I didn’t, because that is not my way. I could see the
surreal aspect, but I was diplomatic. It availed me nothing. He still demanded
that I surrender the object as yet uninspected, which lay in my carry-on bag. I
argued, and explained that it was one of a kind. It was a type specimen, and special
to science. He produced an alphabetical list of sciences on a sheet of paper.
“Is this archaeology or zoology?”
“Neither,” I said. “It comes under palaeontology.”
He bristled, sensing that I was being smart or worse, and
scrutinised his sheet of paper. Because I’m good at reading upside-down, I
pointed to the word he was seeking. “It means ‘study of fossils’,” I said.

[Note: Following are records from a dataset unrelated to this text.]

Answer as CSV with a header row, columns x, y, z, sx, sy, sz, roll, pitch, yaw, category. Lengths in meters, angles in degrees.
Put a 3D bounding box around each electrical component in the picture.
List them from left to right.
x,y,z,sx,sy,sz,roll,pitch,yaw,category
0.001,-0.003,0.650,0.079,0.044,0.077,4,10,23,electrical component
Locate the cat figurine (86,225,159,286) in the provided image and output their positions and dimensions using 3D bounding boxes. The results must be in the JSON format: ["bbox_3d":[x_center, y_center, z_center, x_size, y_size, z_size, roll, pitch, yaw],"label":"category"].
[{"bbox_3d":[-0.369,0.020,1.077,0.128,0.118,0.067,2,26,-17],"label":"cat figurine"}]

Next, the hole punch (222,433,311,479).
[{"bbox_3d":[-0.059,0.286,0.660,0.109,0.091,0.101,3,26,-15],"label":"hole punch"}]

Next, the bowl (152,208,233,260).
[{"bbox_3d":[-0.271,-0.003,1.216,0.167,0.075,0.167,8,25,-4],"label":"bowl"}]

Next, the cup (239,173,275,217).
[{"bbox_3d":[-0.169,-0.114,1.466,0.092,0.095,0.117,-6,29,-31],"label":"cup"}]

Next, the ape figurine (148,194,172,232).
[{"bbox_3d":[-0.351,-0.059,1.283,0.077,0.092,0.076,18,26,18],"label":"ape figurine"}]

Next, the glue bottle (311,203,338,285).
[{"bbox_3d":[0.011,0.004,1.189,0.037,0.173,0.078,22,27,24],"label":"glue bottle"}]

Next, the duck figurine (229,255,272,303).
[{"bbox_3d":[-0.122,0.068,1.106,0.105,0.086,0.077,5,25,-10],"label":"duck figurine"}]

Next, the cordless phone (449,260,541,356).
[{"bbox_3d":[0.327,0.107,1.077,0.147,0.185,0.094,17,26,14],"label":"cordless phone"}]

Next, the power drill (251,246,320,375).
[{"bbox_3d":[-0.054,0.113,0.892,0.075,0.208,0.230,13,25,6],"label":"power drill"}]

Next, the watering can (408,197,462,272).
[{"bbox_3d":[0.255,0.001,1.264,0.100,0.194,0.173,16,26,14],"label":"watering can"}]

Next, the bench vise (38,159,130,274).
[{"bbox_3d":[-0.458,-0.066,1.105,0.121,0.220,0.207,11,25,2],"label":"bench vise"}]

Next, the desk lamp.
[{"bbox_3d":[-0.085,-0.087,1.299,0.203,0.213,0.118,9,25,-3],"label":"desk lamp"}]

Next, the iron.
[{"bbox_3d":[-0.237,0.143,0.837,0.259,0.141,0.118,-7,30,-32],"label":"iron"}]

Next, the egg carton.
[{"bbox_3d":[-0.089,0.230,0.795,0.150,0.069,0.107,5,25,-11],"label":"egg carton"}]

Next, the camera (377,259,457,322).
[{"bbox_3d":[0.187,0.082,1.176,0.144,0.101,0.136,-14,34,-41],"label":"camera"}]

I had, however, recognised that this gentleman, for all that
he was polite, well-informed on paperwork and probably well-meaning, was either
untrained or as thick as two bricks—or both. I concluded that this was not
somebody who could be trusted to look after a type specimen and treat it with
due care.
A type specimen is very special to scientists: it is the
original specimen from which a name was given. My colleague had found this
fossil, described it and named it, but now it needed some further study, which
is why he was borrowing it.
I had, in the same bag, a piece of partly metamorphosed
shale from Wales, wrapped in newspaper, so as I was arguing, I brought that to the top of the
bag. It was, after all, of no real value to me. Let me emphasise that I did
not, at any time, imply that this was the fossil because I am, after all, a
totally honest man. I spoke no lie. I cannot reasonably be held to account for the wild conclusions made by the Great Unwashed of Britain.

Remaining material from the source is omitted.